Он говорил о нем в тридцатом году, говорил и в тридцать четвертом. Но на пороге года тридцать шестого, последнего года своей жизни, на вершине осознания близящихся катастроф, он потерял веру в тех, кто окружал его. Он мог надеяться на тех, кто придет завтра, — на родовое просвещенное дворянство сороковых и пятидесятых.
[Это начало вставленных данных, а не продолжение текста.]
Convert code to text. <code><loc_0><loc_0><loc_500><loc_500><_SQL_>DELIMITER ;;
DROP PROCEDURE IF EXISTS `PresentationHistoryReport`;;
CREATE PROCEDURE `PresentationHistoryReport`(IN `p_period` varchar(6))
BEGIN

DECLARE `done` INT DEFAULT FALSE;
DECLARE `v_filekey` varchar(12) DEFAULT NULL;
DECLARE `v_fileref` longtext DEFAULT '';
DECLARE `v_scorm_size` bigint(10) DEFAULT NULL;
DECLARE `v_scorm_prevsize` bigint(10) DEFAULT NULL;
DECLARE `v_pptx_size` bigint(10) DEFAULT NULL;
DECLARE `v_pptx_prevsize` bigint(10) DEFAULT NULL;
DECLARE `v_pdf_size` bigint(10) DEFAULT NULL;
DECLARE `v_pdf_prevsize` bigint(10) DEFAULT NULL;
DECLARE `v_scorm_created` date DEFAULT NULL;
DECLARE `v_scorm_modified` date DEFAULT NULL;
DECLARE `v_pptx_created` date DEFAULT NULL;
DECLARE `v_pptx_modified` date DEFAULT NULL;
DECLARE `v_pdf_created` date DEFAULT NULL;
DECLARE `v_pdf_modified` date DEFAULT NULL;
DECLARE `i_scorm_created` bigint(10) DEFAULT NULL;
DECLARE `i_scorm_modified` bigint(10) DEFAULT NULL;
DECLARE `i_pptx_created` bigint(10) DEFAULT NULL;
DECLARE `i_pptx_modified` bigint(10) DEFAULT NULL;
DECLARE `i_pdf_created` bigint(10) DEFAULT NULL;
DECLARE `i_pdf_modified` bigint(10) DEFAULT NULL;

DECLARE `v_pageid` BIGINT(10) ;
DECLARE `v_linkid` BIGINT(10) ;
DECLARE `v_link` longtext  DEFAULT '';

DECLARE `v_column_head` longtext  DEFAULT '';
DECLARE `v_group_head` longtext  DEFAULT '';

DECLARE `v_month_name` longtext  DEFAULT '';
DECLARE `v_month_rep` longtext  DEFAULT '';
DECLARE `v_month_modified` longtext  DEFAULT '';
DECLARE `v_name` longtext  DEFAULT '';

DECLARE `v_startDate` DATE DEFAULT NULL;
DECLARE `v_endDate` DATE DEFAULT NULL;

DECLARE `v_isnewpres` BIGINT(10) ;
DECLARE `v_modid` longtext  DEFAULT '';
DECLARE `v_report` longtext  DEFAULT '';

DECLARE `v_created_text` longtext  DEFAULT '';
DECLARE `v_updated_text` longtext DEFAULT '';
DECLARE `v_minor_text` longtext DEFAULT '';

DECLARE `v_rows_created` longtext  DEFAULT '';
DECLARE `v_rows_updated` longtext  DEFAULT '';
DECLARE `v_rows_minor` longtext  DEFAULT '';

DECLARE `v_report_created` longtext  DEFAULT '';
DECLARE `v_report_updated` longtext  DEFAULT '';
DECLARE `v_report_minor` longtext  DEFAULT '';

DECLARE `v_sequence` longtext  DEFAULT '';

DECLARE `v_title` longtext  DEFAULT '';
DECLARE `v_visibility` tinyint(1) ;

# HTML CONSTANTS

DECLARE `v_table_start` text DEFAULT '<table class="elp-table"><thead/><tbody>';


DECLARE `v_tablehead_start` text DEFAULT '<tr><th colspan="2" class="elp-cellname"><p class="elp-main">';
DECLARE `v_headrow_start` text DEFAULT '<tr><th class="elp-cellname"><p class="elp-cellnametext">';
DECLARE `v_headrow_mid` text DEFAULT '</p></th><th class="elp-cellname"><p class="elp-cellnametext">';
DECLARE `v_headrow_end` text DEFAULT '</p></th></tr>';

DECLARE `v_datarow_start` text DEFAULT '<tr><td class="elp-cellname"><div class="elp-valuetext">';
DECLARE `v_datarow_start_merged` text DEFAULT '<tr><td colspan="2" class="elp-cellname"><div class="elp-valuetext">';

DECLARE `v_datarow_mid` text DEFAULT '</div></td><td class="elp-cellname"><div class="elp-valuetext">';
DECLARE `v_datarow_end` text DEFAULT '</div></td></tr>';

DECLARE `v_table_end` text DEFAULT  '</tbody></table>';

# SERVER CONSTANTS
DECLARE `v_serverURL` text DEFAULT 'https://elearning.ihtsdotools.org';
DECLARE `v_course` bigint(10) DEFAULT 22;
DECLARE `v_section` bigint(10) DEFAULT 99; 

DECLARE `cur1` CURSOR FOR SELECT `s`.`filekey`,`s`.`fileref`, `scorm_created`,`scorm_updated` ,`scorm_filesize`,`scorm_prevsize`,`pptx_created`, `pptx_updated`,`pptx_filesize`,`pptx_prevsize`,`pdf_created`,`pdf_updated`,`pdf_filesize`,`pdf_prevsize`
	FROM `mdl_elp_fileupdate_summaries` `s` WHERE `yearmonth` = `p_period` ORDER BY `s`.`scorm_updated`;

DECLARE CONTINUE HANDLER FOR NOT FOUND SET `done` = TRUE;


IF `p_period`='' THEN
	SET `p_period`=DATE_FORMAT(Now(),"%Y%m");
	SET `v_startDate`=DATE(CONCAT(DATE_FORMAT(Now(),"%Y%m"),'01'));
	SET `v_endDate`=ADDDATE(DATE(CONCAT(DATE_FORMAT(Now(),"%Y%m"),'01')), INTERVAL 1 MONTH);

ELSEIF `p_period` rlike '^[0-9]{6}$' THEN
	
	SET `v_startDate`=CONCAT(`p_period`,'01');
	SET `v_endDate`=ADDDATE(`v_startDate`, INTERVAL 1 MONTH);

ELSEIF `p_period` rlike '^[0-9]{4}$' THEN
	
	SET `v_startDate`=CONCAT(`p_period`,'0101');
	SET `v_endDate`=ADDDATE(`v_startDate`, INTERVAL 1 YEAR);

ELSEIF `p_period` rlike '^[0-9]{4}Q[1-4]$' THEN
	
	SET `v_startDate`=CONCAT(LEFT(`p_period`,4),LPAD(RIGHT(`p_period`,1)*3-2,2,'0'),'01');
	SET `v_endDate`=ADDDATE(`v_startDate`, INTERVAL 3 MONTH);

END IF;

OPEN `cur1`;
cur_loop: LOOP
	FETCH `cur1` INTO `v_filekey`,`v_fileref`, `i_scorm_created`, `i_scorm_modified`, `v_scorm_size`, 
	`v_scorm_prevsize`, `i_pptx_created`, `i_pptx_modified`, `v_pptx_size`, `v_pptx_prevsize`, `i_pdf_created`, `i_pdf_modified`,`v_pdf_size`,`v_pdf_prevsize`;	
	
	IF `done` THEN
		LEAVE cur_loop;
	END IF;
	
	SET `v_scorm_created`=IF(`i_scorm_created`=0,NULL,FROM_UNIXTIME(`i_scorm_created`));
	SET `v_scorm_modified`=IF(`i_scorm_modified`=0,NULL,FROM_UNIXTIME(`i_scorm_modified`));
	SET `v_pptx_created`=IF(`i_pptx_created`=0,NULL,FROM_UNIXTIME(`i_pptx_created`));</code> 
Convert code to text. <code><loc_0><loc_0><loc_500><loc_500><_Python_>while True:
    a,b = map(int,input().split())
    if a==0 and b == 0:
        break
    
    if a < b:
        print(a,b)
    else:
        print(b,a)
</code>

Тех, кого надо было воспитывать сегодня.

Ибо «дряблый деспотизм», сумев нейтрализовать физически людей дворянского авангарда, отравил сознание и расслабил волю дворянского большинства.
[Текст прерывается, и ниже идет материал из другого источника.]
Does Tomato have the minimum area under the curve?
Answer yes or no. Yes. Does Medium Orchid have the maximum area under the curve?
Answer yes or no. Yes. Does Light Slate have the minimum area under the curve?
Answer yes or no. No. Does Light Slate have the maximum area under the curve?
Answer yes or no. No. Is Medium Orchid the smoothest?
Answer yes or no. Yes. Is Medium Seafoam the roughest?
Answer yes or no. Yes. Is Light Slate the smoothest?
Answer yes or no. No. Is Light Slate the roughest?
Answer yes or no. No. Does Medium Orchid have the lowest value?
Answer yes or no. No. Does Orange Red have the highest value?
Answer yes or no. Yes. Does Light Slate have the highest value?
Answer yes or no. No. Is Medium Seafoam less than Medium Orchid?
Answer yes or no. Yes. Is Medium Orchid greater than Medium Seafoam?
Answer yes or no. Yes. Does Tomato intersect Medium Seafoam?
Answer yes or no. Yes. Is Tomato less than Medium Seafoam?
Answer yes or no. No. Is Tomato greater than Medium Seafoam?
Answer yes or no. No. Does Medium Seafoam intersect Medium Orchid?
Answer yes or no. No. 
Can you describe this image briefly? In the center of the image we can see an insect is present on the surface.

Только те, кто придет завтра…

Два генерала

Все твои суждения и теории прекраснейшие, на практике неисполнимы.

Киселев — Орлову

Орлова следовало бы повесить первым.

Великий князь Константин

 Через полгода после того как Пушкин обедал с Киселевым и признал его самым замечательным из русских государственных людей и в то самое время, когда он сделал бешеную запись о подлости Уварова — в середине февраля тридцать пятого года, Павел Дмитриевич, пожалованный недавно членом Государственного совета, возвращаясь в столицу из украинского имения, заехал в Москву и посетил своего опального друга, Михаила Федоровича Орлова.

Он понимал, что за Орловым наблюдают, знал, что его визит станет известен императору. И тем не менее сделал этот шаг. Готовясь к предстоящим реформам, в реальность и близость которых он верил, генерал Киселев считал необходимым побеседовать с генералом Орловым, с которым у них было некогда немало общих идей и который только что выпустил книгу о проблемах экономических…

Немногие из русских государственных деятелей начинали столь стремительно свою карьеру и внушали столько надежд, как Михайла Орлов. Немногие же и похоронили эти надежды так трагически, как он.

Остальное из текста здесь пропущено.